The problem » For every line in the records that has the word "white", make a copy.

*** Material for this task Section Begins ***

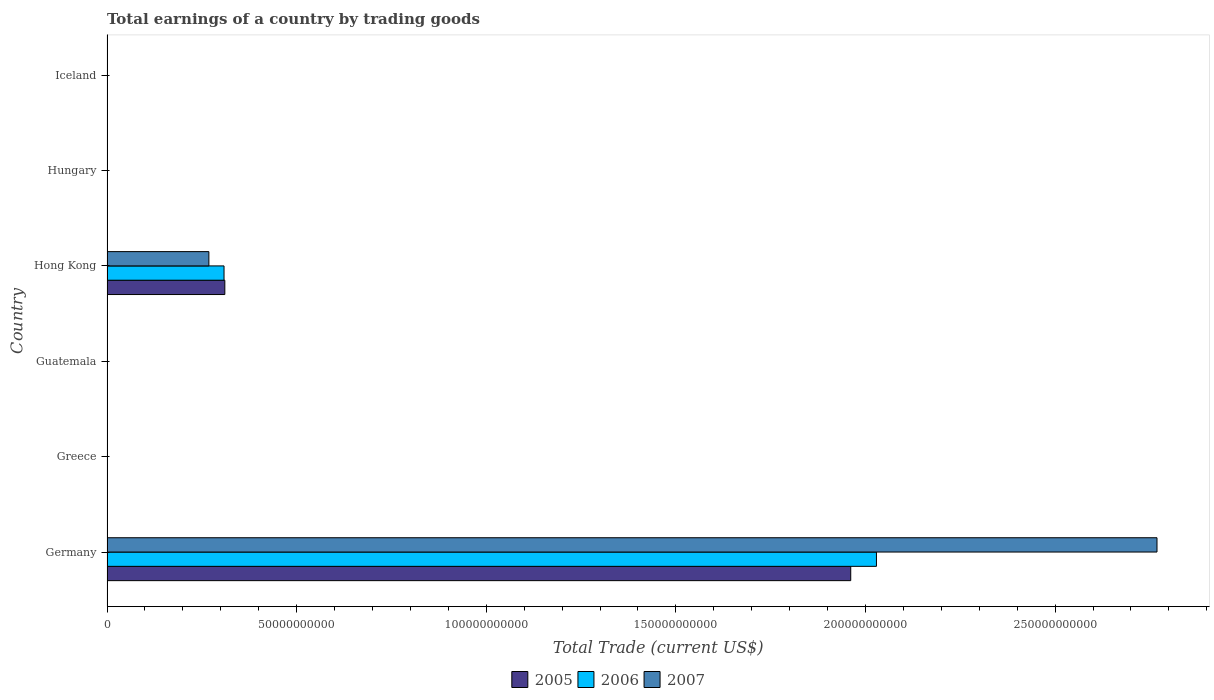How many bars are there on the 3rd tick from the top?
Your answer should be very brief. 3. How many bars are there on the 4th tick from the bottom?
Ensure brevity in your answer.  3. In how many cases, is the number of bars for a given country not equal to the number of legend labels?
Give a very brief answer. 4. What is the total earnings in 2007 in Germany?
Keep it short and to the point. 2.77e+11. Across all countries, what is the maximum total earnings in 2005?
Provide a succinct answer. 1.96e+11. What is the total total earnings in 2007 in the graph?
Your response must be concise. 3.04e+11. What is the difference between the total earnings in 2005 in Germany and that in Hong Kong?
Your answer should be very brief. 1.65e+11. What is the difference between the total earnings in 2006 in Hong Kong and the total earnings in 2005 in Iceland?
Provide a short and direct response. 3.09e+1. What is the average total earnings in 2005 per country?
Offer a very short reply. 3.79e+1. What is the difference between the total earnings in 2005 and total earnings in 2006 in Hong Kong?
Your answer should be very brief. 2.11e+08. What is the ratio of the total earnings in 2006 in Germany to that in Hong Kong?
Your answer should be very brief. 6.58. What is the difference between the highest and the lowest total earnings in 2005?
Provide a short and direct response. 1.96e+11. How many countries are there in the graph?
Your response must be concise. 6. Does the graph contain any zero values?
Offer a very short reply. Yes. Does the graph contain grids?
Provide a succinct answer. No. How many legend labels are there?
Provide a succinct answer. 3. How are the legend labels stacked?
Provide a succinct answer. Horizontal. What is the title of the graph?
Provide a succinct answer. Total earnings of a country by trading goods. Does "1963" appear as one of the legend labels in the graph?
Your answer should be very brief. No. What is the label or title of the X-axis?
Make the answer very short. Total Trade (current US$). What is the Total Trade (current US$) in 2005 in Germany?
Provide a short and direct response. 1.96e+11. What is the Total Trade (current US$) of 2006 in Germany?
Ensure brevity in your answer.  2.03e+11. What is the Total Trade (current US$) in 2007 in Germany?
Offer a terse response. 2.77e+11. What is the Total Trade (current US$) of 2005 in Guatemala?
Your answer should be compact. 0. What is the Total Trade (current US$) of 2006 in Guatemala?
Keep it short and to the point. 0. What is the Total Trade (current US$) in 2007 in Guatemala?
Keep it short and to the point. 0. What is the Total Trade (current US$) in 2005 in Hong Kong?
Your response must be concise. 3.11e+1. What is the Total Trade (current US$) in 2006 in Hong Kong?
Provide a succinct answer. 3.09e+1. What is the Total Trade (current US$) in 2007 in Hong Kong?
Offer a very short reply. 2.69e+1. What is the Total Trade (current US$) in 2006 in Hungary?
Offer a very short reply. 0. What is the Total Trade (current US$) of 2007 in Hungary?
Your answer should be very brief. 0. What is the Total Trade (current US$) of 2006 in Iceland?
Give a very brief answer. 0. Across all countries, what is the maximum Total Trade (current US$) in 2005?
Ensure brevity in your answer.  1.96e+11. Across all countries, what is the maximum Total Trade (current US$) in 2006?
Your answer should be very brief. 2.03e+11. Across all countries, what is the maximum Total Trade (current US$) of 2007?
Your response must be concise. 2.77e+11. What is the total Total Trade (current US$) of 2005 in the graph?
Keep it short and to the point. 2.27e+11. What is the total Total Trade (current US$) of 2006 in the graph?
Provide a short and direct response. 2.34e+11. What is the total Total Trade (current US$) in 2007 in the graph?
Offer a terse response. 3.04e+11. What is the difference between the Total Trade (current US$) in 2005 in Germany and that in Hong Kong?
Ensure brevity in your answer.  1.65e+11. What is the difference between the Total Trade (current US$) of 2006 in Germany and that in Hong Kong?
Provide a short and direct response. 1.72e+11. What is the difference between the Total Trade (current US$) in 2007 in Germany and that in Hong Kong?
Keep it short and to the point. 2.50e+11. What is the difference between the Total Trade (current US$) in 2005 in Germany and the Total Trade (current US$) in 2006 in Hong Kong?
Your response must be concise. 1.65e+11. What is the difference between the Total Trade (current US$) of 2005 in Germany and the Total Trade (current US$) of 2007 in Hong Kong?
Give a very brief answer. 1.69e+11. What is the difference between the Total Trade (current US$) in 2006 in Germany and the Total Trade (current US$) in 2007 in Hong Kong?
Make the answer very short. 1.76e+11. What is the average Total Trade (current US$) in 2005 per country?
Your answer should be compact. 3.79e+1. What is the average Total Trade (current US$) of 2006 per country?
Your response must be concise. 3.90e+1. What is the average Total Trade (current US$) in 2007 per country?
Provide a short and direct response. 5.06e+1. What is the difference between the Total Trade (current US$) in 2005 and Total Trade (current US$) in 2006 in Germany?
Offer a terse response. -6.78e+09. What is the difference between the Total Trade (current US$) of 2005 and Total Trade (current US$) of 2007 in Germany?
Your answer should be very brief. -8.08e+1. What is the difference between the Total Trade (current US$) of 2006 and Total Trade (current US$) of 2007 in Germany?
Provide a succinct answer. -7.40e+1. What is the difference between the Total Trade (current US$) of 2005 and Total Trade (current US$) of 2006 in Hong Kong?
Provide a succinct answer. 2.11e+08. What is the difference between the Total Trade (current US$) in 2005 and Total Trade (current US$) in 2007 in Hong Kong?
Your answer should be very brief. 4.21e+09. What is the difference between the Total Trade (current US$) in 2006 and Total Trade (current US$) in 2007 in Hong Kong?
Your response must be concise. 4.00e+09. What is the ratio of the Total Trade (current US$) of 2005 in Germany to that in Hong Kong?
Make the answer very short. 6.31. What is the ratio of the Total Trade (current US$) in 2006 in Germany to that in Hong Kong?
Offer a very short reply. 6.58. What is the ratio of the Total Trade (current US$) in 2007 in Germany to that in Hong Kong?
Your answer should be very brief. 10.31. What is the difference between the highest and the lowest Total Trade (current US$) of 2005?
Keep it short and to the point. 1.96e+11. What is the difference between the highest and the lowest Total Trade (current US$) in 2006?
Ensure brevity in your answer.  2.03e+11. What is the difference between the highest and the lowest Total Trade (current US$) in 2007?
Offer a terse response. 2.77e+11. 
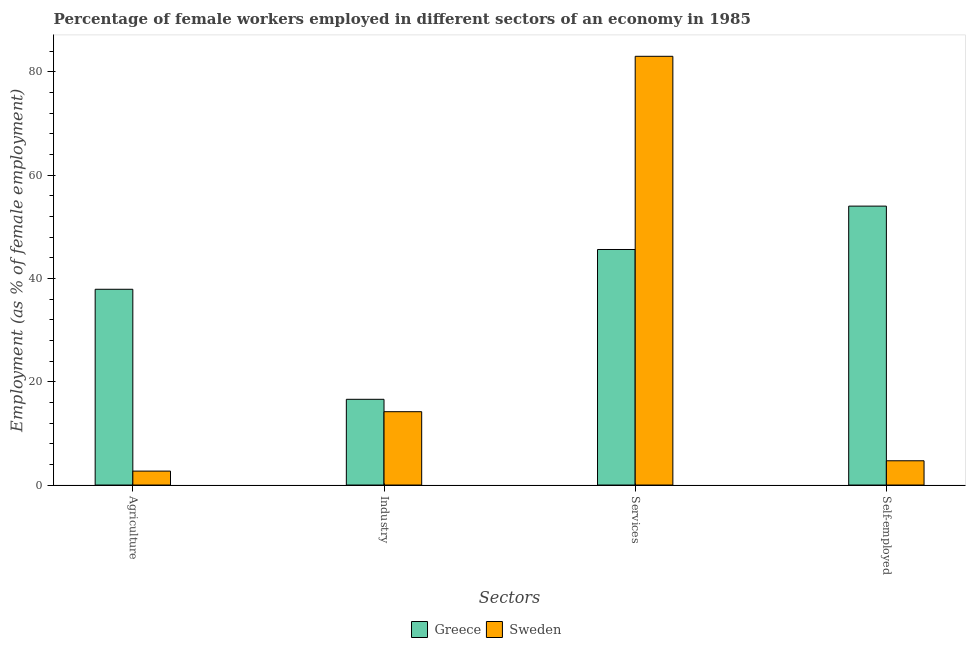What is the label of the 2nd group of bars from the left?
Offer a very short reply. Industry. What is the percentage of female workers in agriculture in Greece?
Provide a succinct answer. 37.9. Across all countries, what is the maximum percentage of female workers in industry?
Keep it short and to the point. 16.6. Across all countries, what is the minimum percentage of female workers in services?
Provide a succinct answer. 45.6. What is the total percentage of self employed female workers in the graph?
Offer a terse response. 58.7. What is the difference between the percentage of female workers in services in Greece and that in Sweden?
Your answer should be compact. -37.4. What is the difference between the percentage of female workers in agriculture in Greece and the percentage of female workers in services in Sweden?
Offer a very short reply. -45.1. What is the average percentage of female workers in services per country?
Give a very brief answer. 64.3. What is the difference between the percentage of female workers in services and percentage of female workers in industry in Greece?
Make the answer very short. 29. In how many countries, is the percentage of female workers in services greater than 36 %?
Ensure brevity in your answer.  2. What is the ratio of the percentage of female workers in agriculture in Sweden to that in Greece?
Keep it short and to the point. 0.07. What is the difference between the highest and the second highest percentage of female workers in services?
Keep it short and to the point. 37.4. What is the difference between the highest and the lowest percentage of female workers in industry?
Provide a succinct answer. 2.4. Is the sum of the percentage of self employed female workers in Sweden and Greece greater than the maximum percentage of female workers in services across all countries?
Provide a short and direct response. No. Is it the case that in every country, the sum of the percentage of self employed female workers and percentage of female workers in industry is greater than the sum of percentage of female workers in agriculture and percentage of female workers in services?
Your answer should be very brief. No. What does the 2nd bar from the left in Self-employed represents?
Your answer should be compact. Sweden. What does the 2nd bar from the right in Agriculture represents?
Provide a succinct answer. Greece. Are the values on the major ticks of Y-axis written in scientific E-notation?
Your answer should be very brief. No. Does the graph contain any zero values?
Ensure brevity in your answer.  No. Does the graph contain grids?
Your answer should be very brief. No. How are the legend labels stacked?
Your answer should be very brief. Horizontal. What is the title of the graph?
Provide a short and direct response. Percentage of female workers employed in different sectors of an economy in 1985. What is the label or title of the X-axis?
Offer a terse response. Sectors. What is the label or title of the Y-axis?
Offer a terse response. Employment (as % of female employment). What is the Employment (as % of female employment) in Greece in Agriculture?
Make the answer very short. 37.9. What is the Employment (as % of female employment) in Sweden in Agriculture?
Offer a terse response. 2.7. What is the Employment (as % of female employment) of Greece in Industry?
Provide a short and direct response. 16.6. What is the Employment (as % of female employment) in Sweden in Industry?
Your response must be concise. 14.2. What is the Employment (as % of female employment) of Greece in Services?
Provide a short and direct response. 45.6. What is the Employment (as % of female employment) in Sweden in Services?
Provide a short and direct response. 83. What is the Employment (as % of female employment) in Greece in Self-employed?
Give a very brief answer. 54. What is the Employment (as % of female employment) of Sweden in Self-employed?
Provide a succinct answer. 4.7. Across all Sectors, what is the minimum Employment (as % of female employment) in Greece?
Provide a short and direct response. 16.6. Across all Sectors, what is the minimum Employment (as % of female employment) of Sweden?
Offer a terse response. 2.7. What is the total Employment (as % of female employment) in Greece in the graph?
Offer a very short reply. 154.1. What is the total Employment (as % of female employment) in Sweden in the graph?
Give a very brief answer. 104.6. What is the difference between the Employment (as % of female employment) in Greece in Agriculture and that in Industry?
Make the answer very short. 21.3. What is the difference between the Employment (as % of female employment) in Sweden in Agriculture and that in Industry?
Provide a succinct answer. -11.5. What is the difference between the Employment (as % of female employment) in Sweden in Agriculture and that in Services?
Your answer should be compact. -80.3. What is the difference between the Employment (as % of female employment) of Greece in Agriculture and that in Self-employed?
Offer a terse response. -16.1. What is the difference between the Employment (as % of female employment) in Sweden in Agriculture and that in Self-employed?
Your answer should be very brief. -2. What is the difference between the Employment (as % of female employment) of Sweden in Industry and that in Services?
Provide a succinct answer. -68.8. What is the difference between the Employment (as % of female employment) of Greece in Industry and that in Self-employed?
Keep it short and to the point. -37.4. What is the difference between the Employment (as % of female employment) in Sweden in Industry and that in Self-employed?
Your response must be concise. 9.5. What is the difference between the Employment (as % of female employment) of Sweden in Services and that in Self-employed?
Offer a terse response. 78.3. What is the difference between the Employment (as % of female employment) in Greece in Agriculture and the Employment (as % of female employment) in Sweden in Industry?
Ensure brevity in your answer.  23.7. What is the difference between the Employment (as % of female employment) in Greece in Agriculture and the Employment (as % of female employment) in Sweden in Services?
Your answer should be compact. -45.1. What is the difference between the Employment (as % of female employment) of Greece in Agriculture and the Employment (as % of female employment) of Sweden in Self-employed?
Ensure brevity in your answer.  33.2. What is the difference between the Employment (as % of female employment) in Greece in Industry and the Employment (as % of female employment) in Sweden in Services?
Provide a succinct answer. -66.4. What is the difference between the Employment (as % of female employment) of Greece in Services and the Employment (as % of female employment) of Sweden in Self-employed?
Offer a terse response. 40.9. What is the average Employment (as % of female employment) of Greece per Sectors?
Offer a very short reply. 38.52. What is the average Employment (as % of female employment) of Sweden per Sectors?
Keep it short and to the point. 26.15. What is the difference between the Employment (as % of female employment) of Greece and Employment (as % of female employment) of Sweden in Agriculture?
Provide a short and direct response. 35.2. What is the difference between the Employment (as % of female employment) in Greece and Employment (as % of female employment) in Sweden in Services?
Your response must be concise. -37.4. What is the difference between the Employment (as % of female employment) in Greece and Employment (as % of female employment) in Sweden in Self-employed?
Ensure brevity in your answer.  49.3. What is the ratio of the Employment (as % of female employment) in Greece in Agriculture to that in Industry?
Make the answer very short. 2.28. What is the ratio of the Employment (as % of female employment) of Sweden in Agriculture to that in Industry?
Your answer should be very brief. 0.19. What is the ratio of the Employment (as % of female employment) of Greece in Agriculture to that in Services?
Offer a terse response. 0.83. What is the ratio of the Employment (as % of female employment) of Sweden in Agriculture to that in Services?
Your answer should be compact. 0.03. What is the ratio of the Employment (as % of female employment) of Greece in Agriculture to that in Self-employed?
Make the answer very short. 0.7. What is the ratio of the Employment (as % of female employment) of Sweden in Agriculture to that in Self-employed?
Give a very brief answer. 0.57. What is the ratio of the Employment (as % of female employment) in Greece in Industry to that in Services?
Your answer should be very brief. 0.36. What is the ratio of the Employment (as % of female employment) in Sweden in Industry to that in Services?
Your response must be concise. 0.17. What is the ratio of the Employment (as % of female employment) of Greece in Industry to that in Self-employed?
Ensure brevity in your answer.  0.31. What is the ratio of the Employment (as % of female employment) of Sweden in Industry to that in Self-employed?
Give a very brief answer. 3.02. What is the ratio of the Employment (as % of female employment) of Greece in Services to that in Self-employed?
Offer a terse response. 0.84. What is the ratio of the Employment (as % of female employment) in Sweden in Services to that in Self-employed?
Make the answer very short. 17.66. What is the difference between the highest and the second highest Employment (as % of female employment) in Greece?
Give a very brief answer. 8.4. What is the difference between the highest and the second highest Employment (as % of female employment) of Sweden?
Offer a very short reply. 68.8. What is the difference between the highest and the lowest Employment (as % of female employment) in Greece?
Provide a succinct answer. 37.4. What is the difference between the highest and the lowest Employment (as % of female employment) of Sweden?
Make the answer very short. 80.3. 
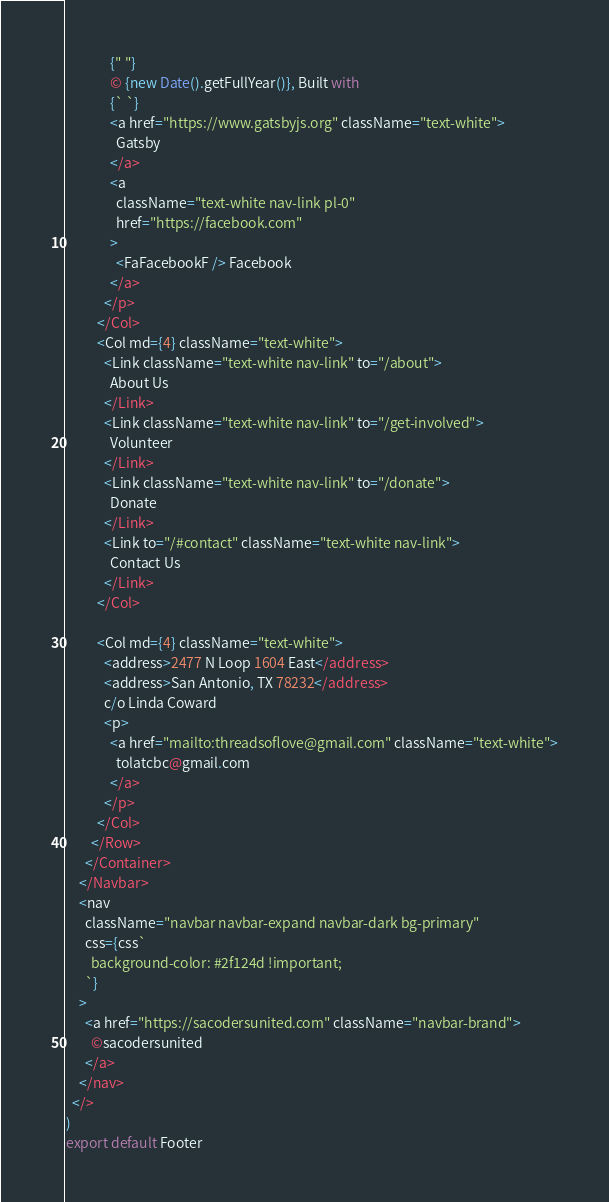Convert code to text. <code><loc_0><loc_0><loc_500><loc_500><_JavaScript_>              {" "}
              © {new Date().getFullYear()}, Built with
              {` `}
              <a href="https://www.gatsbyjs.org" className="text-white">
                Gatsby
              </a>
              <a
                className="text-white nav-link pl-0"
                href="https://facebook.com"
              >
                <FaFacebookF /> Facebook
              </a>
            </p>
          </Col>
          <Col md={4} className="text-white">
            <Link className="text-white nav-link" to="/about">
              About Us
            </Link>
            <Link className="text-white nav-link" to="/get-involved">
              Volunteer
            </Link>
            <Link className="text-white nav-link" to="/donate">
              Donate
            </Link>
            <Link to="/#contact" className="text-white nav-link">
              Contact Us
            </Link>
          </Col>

*** Material for this task Section Ends ***

Output for this exercise »
              <a href="https://www.gatsbyjs.org" className="text-white">
                className="text-white nav-link pl-0"
          <Col md={4} className="text-white">
            <Link className="text-white nav-link" to="/about">
            <Link className="text-white nav-link" to="/get-involved">
            <Link className="text-white nav-link" to="/donate">
            <Link to="/#contact" className="text-white nav-link">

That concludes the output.